- **Task to complete**
Tally every line in the listing that holds the string "percussion", then state the total and nothing more.

- **Material for the task**
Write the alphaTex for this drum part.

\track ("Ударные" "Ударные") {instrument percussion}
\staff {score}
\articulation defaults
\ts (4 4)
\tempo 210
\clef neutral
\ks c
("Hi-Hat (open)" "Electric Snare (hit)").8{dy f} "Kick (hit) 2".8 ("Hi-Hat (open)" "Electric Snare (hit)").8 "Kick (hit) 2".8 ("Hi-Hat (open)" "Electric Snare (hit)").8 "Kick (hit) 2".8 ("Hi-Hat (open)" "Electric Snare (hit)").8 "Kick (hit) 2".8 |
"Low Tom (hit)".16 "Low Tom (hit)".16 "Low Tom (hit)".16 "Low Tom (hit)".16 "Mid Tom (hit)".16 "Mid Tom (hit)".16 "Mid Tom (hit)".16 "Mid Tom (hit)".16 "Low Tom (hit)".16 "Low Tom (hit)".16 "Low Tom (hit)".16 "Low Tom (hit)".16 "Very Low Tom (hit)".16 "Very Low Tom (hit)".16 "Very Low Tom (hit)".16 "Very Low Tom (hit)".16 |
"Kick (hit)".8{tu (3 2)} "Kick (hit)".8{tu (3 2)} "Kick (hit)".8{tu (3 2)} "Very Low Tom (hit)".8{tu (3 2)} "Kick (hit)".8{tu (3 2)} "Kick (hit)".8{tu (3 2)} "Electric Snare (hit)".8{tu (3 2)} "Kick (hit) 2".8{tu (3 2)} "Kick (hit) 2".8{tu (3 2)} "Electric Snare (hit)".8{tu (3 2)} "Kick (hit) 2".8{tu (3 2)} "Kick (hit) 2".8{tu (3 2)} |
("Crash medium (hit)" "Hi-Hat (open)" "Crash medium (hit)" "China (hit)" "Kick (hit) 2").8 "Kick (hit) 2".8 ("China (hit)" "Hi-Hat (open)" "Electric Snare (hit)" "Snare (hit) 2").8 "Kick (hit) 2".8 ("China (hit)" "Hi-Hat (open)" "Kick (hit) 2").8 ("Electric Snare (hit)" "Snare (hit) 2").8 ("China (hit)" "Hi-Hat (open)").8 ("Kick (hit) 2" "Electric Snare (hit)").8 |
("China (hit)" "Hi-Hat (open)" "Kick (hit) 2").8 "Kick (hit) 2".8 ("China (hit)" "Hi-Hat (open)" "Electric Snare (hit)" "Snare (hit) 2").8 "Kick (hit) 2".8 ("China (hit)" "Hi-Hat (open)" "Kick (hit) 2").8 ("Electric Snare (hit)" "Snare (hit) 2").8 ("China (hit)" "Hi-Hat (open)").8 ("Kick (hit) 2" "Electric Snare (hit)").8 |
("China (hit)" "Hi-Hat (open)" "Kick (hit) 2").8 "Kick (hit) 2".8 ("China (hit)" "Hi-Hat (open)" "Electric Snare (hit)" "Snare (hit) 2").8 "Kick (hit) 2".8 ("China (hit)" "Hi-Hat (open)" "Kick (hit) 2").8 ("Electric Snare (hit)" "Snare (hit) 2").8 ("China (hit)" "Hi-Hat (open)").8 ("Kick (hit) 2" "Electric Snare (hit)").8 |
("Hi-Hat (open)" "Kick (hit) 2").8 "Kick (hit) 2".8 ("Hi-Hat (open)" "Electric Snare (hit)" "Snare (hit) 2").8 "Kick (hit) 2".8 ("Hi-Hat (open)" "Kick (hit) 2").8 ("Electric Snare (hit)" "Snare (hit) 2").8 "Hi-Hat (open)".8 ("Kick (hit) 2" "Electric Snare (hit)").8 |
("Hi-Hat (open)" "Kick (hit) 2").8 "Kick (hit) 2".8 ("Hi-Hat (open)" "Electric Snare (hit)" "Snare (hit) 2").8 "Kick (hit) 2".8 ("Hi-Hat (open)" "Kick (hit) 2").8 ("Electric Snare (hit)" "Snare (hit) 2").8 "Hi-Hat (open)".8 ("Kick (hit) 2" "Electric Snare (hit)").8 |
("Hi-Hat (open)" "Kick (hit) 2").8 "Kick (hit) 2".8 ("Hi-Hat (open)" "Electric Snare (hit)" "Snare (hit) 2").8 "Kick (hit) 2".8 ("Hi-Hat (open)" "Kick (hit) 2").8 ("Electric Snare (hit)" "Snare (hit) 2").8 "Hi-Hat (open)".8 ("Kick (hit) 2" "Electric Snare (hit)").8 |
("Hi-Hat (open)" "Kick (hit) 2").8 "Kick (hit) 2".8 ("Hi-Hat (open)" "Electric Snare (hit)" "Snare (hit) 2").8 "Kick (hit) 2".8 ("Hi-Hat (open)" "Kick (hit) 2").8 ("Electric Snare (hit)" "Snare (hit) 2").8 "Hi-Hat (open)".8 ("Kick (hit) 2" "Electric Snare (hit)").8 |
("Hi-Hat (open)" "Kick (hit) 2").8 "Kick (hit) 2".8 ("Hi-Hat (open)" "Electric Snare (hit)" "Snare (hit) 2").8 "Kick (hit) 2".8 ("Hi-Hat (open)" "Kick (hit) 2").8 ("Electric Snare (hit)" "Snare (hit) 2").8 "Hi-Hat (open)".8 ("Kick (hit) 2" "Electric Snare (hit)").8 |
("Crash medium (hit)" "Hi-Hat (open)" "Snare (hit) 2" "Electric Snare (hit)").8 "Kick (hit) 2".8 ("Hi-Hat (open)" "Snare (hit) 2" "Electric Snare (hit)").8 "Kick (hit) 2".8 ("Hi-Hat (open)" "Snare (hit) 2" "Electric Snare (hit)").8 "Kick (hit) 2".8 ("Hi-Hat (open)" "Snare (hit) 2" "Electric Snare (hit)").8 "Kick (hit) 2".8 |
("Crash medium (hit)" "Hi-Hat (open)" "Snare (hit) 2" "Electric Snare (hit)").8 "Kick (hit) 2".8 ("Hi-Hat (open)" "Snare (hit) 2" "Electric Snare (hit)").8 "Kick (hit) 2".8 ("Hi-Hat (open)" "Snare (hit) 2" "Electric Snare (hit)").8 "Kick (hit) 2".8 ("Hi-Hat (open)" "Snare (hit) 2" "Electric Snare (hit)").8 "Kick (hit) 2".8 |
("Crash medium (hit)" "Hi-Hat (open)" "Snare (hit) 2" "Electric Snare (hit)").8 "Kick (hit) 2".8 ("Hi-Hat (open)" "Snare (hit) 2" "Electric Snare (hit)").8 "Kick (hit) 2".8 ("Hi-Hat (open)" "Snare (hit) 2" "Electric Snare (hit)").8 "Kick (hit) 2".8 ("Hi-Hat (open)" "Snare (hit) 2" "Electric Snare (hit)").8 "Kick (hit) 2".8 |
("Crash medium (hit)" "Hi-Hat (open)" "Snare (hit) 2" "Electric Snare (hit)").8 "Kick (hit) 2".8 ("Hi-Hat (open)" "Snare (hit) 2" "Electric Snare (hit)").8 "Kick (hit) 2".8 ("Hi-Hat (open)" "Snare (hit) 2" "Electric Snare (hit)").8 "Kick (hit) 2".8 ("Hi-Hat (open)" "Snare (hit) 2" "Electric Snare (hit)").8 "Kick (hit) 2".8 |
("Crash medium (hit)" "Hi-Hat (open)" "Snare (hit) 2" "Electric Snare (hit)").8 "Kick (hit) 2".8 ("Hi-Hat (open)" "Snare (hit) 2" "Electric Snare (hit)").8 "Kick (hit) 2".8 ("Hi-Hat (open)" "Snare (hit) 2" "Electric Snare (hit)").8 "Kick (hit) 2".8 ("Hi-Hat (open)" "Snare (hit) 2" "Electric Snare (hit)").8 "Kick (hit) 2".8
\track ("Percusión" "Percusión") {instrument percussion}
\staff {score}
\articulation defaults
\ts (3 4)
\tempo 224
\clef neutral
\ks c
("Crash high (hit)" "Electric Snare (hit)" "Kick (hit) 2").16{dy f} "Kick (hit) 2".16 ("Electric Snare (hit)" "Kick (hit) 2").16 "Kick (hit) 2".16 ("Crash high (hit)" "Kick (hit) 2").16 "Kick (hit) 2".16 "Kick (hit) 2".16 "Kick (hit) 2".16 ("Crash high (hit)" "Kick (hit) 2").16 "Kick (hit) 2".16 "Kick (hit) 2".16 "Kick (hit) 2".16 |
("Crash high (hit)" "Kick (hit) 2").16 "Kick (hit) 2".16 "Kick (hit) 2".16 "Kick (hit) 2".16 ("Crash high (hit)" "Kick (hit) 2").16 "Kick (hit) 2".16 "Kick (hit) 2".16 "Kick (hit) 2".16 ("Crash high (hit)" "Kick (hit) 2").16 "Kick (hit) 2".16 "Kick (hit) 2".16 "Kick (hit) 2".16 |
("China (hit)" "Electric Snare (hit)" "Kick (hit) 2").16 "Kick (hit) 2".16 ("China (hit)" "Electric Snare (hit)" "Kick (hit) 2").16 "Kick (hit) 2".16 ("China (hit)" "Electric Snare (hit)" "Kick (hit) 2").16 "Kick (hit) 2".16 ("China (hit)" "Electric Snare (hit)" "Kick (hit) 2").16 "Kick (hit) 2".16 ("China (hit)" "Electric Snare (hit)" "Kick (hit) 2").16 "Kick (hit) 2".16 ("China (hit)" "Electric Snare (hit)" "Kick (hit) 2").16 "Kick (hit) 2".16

- **Expected answer**
2